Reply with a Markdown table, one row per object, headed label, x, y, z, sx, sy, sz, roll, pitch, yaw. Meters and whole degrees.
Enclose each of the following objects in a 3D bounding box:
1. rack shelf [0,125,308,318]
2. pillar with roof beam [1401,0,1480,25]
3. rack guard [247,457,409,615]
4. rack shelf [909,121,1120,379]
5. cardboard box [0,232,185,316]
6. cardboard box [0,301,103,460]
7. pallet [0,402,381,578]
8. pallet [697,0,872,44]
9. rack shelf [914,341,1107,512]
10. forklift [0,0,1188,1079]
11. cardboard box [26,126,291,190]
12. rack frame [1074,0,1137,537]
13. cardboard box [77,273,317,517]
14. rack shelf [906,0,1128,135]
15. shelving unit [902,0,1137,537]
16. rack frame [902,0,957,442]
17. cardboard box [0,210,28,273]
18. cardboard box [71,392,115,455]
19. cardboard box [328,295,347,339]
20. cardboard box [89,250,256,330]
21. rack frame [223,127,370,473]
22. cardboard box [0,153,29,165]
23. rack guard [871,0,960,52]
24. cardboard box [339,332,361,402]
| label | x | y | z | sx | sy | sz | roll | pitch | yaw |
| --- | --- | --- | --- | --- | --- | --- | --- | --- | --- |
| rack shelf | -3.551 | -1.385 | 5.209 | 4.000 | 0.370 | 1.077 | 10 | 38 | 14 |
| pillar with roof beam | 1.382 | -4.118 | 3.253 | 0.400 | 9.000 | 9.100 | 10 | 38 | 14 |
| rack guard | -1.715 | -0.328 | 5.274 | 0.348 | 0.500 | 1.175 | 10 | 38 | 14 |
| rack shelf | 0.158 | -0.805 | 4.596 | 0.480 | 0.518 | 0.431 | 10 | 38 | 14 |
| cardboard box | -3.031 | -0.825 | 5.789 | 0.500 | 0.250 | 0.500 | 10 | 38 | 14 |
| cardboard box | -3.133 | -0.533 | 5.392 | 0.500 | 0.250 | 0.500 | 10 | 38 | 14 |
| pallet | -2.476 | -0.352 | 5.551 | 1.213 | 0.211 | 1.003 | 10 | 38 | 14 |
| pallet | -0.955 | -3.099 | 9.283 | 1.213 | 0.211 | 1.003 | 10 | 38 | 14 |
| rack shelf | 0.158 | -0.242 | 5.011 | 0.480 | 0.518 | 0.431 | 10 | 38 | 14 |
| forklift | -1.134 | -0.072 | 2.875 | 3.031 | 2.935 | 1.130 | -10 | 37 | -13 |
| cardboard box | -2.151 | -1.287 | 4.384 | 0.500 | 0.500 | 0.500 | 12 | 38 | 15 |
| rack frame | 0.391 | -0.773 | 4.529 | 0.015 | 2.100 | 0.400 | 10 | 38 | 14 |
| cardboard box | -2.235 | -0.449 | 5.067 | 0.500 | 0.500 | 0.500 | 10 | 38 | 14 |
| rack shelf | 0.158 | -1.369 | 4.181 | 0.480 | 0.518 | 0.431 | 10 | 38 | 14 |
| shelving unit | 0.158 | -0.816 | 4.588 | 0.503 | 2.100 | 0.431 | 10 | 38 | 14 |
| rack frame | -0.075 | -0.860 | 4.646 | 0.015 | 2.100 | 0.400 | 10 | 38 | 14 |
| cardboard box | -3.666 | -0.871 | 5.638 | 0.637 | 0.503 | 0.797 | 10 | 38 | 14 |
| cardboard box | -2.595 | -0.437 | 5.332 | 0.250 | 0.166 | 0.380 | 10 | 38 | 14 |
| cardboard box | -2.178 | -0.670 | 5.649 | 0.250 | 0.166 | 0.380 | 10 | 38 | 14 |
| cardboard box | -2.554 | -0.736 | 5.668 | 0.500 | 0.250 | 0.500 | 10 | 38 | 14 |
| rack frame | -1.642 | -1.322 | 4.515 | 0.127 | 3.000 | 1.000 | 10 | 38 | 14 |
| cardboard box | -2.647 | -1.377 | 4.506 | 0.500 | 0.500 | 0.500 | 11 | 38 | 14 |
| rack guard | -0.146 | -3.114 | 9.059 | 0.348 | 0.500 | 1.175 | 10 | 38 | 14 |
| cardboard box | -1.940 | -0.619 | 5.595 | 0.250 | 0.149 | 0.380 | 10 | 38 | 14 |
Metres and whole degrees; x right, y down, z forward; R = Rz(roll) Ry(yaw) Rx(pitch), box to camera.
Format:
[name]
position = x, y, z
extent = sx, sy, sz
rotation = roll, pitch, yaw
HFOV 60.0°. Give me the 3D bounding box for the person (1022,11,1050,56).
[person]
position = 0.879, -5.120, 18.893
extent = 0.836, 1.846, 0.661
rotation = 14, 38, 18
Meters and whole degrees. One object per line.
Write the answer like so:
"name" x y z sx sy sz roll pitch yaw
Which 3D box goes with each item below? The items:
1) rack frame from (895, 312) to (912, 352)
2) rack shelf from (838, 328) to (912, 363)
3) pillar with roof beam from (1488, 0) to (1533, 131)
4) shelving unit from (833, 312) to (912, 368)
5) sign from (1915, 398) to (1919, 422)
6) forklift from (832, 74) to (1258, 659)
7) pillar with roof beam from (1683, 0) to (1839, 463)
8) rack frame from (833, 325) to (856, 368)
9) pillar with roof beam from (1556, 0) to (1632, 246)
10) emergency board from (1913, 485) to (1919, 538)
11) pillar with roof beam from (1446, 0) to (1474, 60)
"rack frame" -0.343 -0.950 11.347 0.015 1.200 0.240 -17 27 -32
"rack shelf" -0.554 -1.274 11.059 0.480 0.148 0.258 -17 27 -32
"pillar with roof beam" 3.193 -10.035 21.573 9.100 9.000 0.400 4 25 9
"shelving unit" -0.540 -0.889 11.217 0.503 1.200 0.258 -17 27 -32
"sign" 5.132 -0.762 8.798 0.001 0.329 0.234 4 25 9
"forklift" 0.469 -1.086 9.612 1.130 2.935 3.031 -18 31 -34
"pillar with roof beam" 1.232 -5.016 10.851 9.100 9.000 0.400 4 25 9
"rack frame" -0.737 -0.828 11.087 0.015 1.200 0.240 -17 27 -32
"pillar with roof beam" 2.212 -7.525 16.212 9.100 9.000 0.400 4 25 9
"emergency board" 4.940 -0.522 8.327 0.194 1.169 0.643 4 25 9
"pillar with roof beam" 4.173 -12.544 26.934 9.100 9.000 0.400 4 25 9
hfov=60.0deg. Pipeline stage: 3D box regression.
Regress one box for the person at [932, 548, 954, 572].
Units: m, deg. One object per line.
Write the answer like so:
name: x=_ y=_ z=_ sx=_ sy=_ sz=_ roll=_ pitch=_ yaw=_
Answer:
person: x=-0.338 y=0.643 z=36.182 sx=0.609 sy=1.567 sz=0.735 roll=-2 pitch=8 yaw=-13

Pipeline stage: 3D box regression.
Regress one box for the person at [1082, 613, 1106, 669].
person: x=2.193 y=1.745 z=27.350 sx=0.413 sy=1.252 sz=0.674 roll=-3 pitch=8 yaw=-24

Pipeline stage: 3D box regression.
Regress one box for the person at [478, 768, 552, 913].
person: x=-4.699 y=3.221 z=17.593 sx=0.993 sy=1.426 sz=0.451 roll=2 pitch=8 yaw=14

● **PROMPT**: Nothing may be dropped or altered; repeat every record in full.

● **SOLUTION**:
Reply with a Markdown table, one row per object, headed label, x, y, z, sx, sy, sz, roll, pitch, yaw. Meters and whole degrees.
Enclose each of the following objects in a 3D bounding box:
1. rack shelf [0,125,308,318]
2. pillar with roof beam [1401,0,1480,25]
3. rack guard [247,457,409,615]
4. rack shelf [909,121,1120,379]
5. cardboard box [0,232,185,316]
6. cardboard box [0,301,103,460]
7. pallet [0,402,381,578]
8. pallet [697,0,872,44]
9. rack shelf [914,341,1107,512]
10. forklift [0,0,1188,1079]
11. cardboard box [26,126,291,190]
12. rack frame [1074,0,1137,537]
13. cardboard box [77,273,317,517]
14. rack shelf [906,0,1128,135]
15. shelving unit [902,0,1137,537]
16. rack frame [902,0,957,442]
17. cardboard box [0,210,28,273]
18. cardboard box [71,392,115,455]
19. cardboard box [328,295,347,339]
20. cardboard box [89,250,256,330]
21. rack frame [223,127,370,473]
22. cardboard box [0,153,29,165]
23. rack guard [871,0,960,52]
24. cardboard box [339,332,361,402]
| label | x | y | z | sx | sy | sz | roll | pitch | yaw |
| --- | --- | --- | --- | --- | --- | --- | --- | --- | --- |
| rack shelf | -3.551 | -1.385 | 5.209 | 4.000 | 0.370 | 1.077 | 10 | 38 | 14 |
| pillar with roof beam | 1.382 | -4.118 | 3.253 | 0.400 | 9.000 | 9.100 | 10 | 38 | 14 |
| rack guard | -1.715 | -0.328 | 5.274 | 0.348 | 0.500 | 1.175 | 10 | 38 | 14 |
| rack shelf | 0.158 | -0.805 | 4.596 | 0.480 | 0.518 | 0.431 | 10 | 38 | 14 |
| cardboard box | -3.031 | -0.825 | 5.789 | 0.500 | 0.250 | 0.500 | 10 | 38 | 14 |
| cardboard box | -3.133 | -0.533 | 5.392 | 0.500 | 0.250 | 0.500 | 10 | 38 | 14 |
| pallet | -2.476 | -0.352 | 5.551 | 1.213 | 0.211 | 1.003 | 10 | 38 | 14 |
| pallet | -0.955 | -3.099 | 9.283 | 1.213 | 0.211 | 1.003 | 10 | 38 | 14 |
| rack shelf | 0.158 | -0.242 | 5.011 | 0.480 | 0.518 | 0.431 | 10 | 38 | 14 |
| forklift | -1.134 | -0.072 | 2.875 | 3.031 | 2.935 | 1.130 | -10 | 37 | -13 |
| cardboard box | -2.151 | -1.287 | 4.384 | 0.500 | 0.500 | 0.500 | 12 | 38 | 15 |
| rack frame | 0.391 | -0.773 | 4.529 | 0.015 | 2.100 | 0.400 | 10 | 38 | 14 |
| cardboard box | -2.235 | -0.449 | 5.067 | 0.500 | 0.500 | 0.500 | 10 | 38 | 14 |
| rack shelf | 0.158 | -1.369 | 4.181 | 0.480 | 0.518 | 0.431 | 10 | 38 | 14 |
| shelving unit | 0.158 | -0.816 | 4.588 | 0.503 | 2.100 | 0.431 | 10 | 38 | 14 |
| rack frame | -0.075 | -0.860 | 4.646 | 0.015 | 2.100 | 0.400 | 10 | 38 | 14 |
| cardboard box | -3.666 | -0.871 | 5.638 | 0.637 | 0.503 | 0.797 | 10 | 38 | 14 |
| cardboard box | -2.595 | -0.437 | 5.332 | 0.250 | 0.166 | 0.380 | 10 | 38 | 14 |
| cardboard box | -2.178 | -0.670 | 5.649 | 0.250 | 0.166 | 0.380 | 10 | 38 | 14 |
| cardboard box | -2.554 | -0.736 | 5.668 | 0.500 | 0.250 | 0.500 | 10 | 38 | 14 |
| rack frame | -1.642 | -1.322 | 4.515 | 0.127 | 3.000 | 1.000 | 10 | 38 | 14 |
| cardboard box | -2.647 | -1.377 | 4.506 | 0.500 | 0.500 | 0.500 | 11 | 38 | 14 |
| rack guard | -0.146 | -3.114 | 9.059 | 0.348 | 0.500 | 1.175 | 10 | 38 | 14 |
| cardboard box | -1.940 | -0.619 | 5.595 | 0.250 | 0.149 | 0.380 | 10 | 38 | 14 |
Metres and whole degrees; x right, y down, z forward; R = Rz(roll) Ry(yaw) Rx(pitch), box to camera.
Format:
[name]
position = x, y, z
extent = sx, sy, sz
rotation = roll, pitch, yaw
HFOV 60.0°. Give me the 3D bounding box for the person (1022,11,1050,56).
[person]
position = 0.879, -5.120, 18.893
extent = 0.836, 1.846, 0.661
rotation = 14, 38, 18
Meters and whole degrees. One object per line.
Write the answer like so:
"name" x y z sx sy sz roll pitch yaw
Which 3D box goes with each item below? The items:
1) rack frame from (895, 312) to (912, 352)
2) rack shelf from (838, 328) to (912, 363)
3) pillar with roof beam from (1488, 0) to (1533, 131)
4) shelving unit from (833, 312) to (912, 368)
5) sign from (1915, 398) to (1919, 422)
6) forklift from (832, 74) to (1258, 659)
7) pillar with roof beam from (1683, 0) to (1839, 463)
8) rack frame from (833, 325) to (856, 368)
9) pillar with roof beam from (1556, 0) to (1632, 246)
10) emergency board from (1913, 485) to (1919, 538)
11) pillar with roof beam from (1446, 0) to (1474, 60)
"rack frame" -0.343 -0.950 11.347 0.015 1.200 0.240 -17 27 -32
"rack shelf" -0.554 -1.274 11.059 0.480 0.148 0.258 -17 27 -32
"pillar with roof beam" 3.193 -10.035 21.573 9.100 9.000 0.400 4 25 9
"shelving unit" -0.540 -0.889 11.217 0.503 1.200 0.258 -17 27 -32
"sign" 5.132 -0.762 8.798 0.001 0.329 0.234 4 25 9
"forklift" 0.469 -1.086 9.612 1.130 2.935 3.031 -18 31 -34
"pillar with roof beam" 1.232 -5.016 10.851 9.100 9.000 0.400 4 25 9
"rack frame" -0.737 -0.828 11.087 0.015 1.200 0.240 -17 27 -32
"pillar with roof beam" 2.212 -7.525 16.212 9.100 9.000 0.400 4 25 9
"emergency board" 4.940 -0.522 8.327 0.194 1.169 0.643 4 25 9
"pillar with roof beam" 4.173 -12.544 26.934 9.100 9.000 0.400 4 25 9
hfov=60.0deg. Pipeline stage: 3D box regression.
Regress one box for the person at [932, 548, 954, 572].
Units: m, deg. One object per line.
Write the answer like so:
name: x=_ y=_ z=_ sx=_ sy=_ sz=_ roll=_ pitch=_ yaw=_
Answer:
person: x=-0.338 y=0.643 z=36.182 sx=0.609 sy=1.567 sz=0.735 roll=-2 pitch=8 yaw=-13

Pipeline stage: 3D box regression.
Regress one box for the person at [1082, 613, 1106, 669].
person: x=2.193 y=1.745 z=27.350 sx=0.413 sy=1.252 sz=0.674 roll=-3 pitch=8 yaw=-24

Pipeline stage: 3D box regression.
Regress one box for the person at [478, 768, 552, 913].
person: x=-4.699 y=3.221 z=17.593 sx=0.993 sy=1.426 sz=0.451 roll=2 pitch=8 yaw=14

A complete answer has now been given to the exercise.